Five, Oxygen Remover General Accessories

　·Safety Valve --- Installed on the water tank, the safety valve automatically opens to relieve pressure when the internal pressure of the equipment exceeds the allowable limit, serving as a safety protection function.

　·Pressure Gauge --- Installed at the top of the deaerator, monitoring the pressure inside the equipment.

　Thermometer — Located below the water tank, monitoring the water temperature inside the tank.

　· Butterfly valve — Installed in the heating steam pipeline, it adjusts the flow of heating steam with an automatic regulator to maintain the pressure inside the deaerator within the rated range.

· Water-seal tube --- When the liquid level rises, the pressure difference exceeds the water column pressure, causing the balance to be disrupted, and the liquid leaks out through the water seal. It also serves as a pressure relief function when the operating equipment's air pressure exceeds the safe limit.

　 · Stop valve --- Installed on the water replenishment pipe, it adjusts the flow of replenishing water with the help of an electric water level regulation system to maintain the normal water level of the tank.

　 ·Adjustable Valve --- Installed on the water supply pipe, it regulates the flow of make-up water using an electric water level control system to maintain the normal water level in the tank.

　 ·Electrical contact level monitoring---consists of a sampling tube (primary instrument) and a super-pure ceramic electrode with a display instrument (secondary instrument). Installed on a water tank, it monitors the water level inside and outputs a 4-20mA signal to the control room for adjusting the water level valve.

· Magnetic Flip Level Gauges — Installed on water tanks for on-site monitoring of the water level, and can also be connected remotely to output a 4-20 mA signal to the control room for adjusting the water level valve.

Balanced Tank — Used in conjunction with pressure/differential pressure transmitters and level gauges, it can reflect the deaerator's (weight) water level during the boiler's startup, shutdown process, and normal operation.

　 ·Electric gate valve --- Installed on the water tank drain pipeline, when the water level in the tank exceeds a certain limit, the electric gate valve automatically opens with the help of the electric water level regulation system, discharging the excess water above the limit into the drain tank.

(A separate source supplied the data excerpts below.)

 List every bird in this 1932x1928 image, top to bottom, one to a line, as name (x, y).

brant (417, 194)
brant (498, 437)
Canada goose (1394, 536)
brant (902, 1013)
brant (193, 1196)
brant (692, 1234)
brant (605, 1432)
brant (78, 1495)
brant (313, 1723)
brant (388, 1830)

　 ·Pressure Automatic Regulator---Automatically adjusts the opening of the heating steam inlet valve, regulating steam flow while maintaining stable pressure within the deaerator.

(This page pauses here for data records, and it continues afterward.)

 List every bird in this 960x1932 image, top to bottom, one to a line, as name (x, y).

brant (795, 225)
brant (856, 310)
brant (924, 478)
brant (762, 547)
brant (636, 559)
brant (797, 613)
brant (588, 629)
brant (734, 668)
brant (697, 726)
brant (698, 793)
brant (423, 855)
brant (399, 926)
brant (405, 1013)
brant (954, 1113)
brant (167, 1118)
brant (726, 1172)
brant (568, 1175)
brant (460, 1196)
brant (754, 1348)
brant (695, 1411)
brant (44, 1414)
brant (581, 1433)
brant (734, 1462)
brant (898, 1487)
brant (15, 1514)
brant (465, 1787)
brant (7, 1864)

　 · Electric Water Level Regulation System --- Automatically adjusts the flow of supply water and controls the overflow valve at the maximum water level (electric gate valve).

Section 6: Order Provision Data

1: Oxygen scavenger output (T/H) and equipped with water tank effective volume (m³).

2: Oxygen Remover Operating Pressure, Temperature...

3: Only provide the installation connection diagram for the original deaerator tower, replacing the deaerator tower.

Section 7: Renovation

Our factory offers a complete supply of new water film deaerators while also undertaking renovations for power plants' existing spray tray and spray packing deaerators. Specifically, we focus on::

The modification costs are low, approximately half the price of replacing the deaerator head.

2. Fast progress, easy to process and on-site modification and installation. Utilize the original deaerator head shell section, remove all the spray tray or spray packing components inside the original deaerator head, retain the lower steam inlet dish, then install the liquid-gas screen and water grate at a certain position above the lower steam inlet dish. Finally, seal and secure with a circular pressure plate to prevent water-vapor short-circuiting during future operation.

3. After separating the joint between the head and the cylinder, weld and install them into the film former. Connect the other pipeline components according to the provided modification scheme, and the job is complete. Upon passing the inspection, the equipment can be put into operation.

4. During the renovation process, it is generally not advisable to increase the diameter of the deaerator head. Instead, adjust its height appropriately based on specific conditions, usually either raising or welding it to the original height.